Jeff Kaufman — AI Is Breaking Two Vulnerability Disclosure Cultures
AI relevance: AI models like Gemini 3.1 Pro, GPT-5.5, and Claude Opus 4.7 can now identify security patches from raw kernel diffs instantly, accelerating both attacker and defender vulnerability discovery and undermining the assumptions behind both coordinated disclosure and the Linux kernel's "bugs are bugs" culture.
The Story
Jeff Kaufman published an analysis of how AI-accelerated vulnerability discovery is disrupting two established disclosure cultures simultaneously:
- Coordinated disclosure culture — where researchers report privately to vendors with a fixed embargo window (often 90 days), assuming few others will independently find the same bug during that period.
- "Bugs are bugs" culture — common in the Linux kernel, where security fixes are merged quietly in the open, relying on the noise of thousands of daily commits to obscure which changes are security-relevant.
Both models assumed human-speed detection. AI changes that calculus:
- AI scanning of public commit diffs now has a high signal-to-noise ratio — security fixes are obvious when an LLM evaluates them.
- Kaufman tested Gemini 3.1 Pro, ChatGPT-Thinking 5.5, and Claude Opus 4.7: all three immediately identified the Copy Fail ESP fix (commit f4c50a403) as security-relevant.
- In the Copy Fail 2 case, two independent researchers (Hyunwoo Kim and Kuan-Ting Chen) reported the same ESP vulnerability just nine hours apart — evidence that AI-assisted scanning is compressing the window between discovery reports.
- Copy Fail 2 ("Electric Boogaloo") achieves unprivileged local privilege escalation via xfrm ESP-in-UDP MSG_SPLICE_PAGES, writing to any readable file — confirmed root on Ubuntu 24.04, Debian 13, Arch, Fedora 43, and Ubuntu 26.04 LTS.
Why It Matters
- Embargoes create false security: The assumption that "only the vendor knows" during a 90-day window no longer holds when AI teams are scanning commits and diffs continuously.
- Quiet kernel fixes no longer work: AI can filter the noise of thousands of commits and flag security-relevant changes in real time — the "hiding in plain sight" strategy is dead.

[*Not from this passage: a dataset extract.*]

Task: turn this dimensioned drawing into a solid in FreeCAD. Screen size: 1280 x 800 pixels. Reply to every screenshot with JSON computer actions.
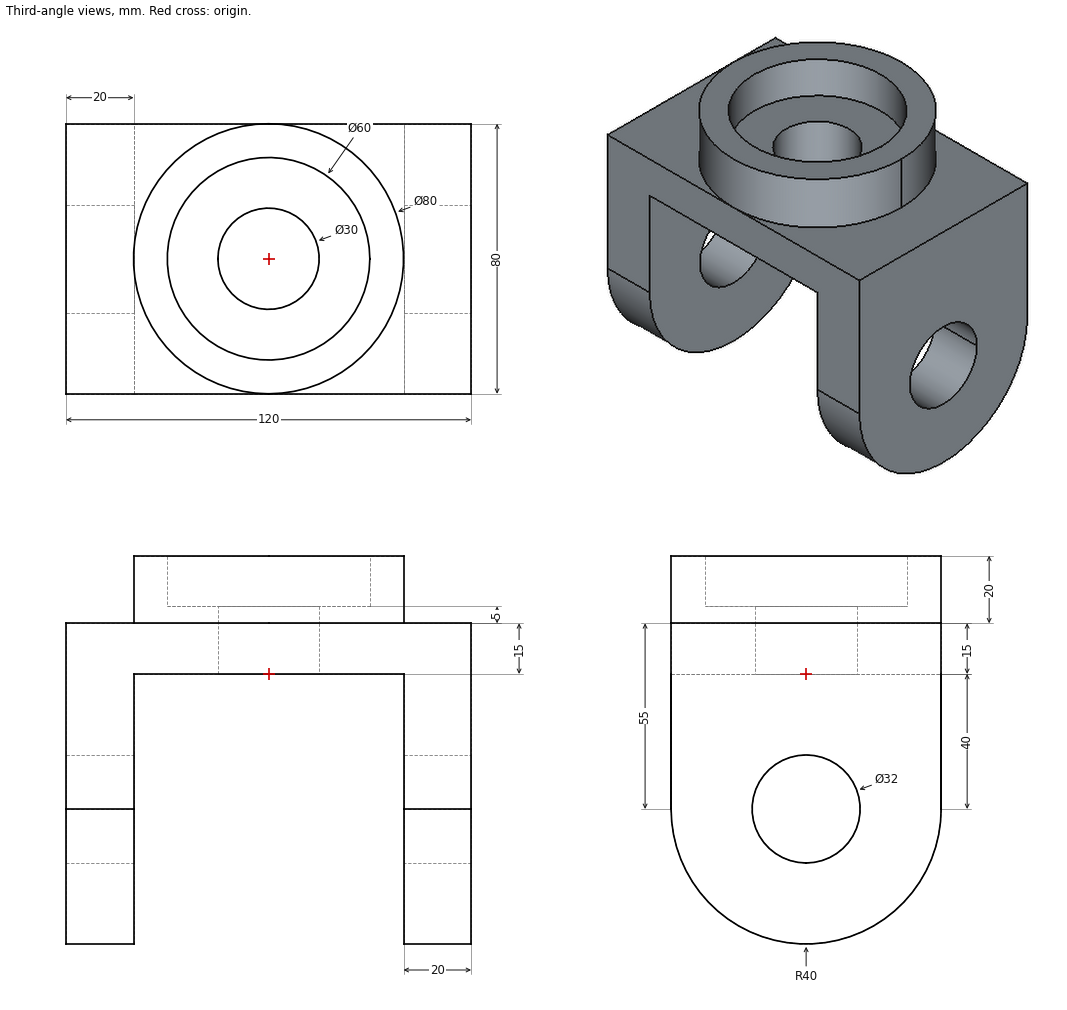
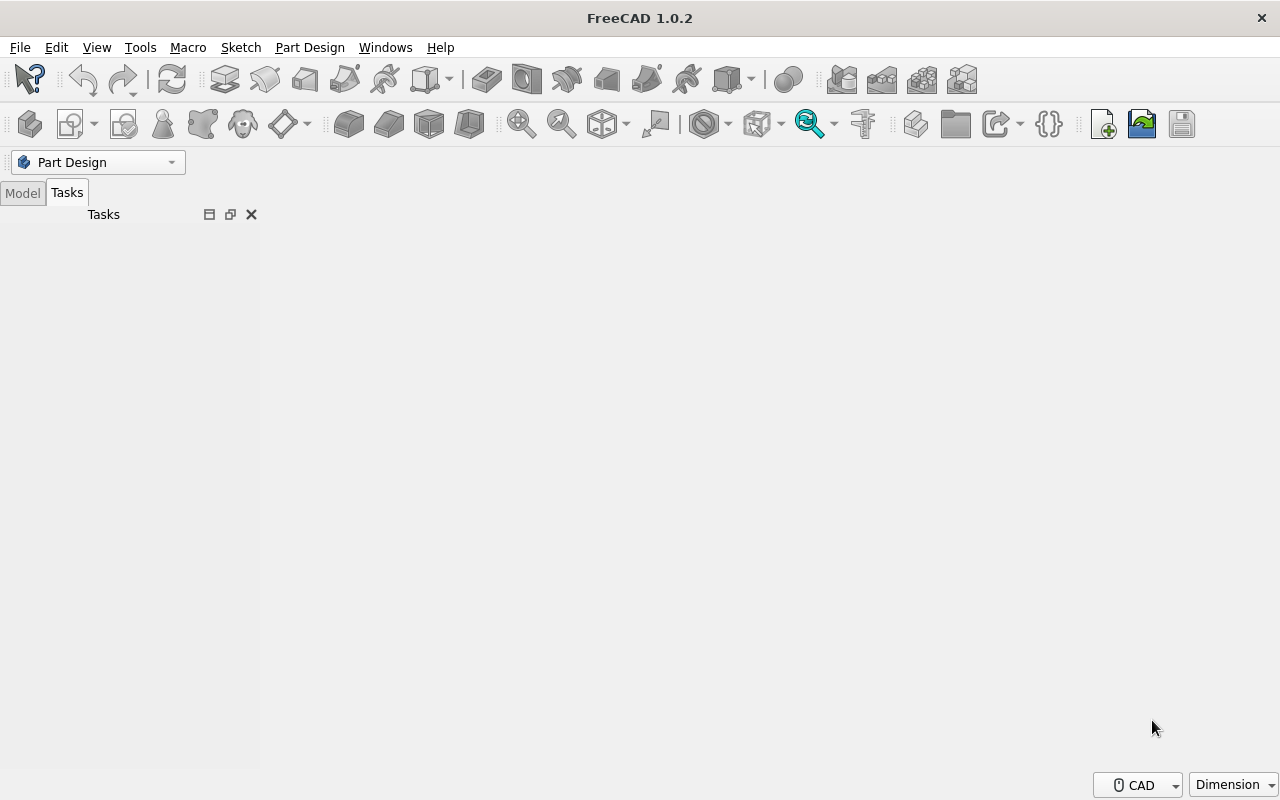
{"action": "left_click", "coordinate": [1102, 124]}

- Defenders can move faster too: AI-assisted patch analysis means organizations can triage and deploy fixes within hours instead of weeks, enabling shorter embargo windows that were previously impractical.
What to Do
- Shift from long embargoes to short (days, not months) coordinated disclosure windows matched to AI-accelerated patch deployment.
- Assume any merged security fix will be identified and weaponized within hours, not weeks — prioritize rapid patching over secrecy.
- Deploy AI-assisted commit scanning on your own dependency tree to detect upstream security fixes before public advisories arrive.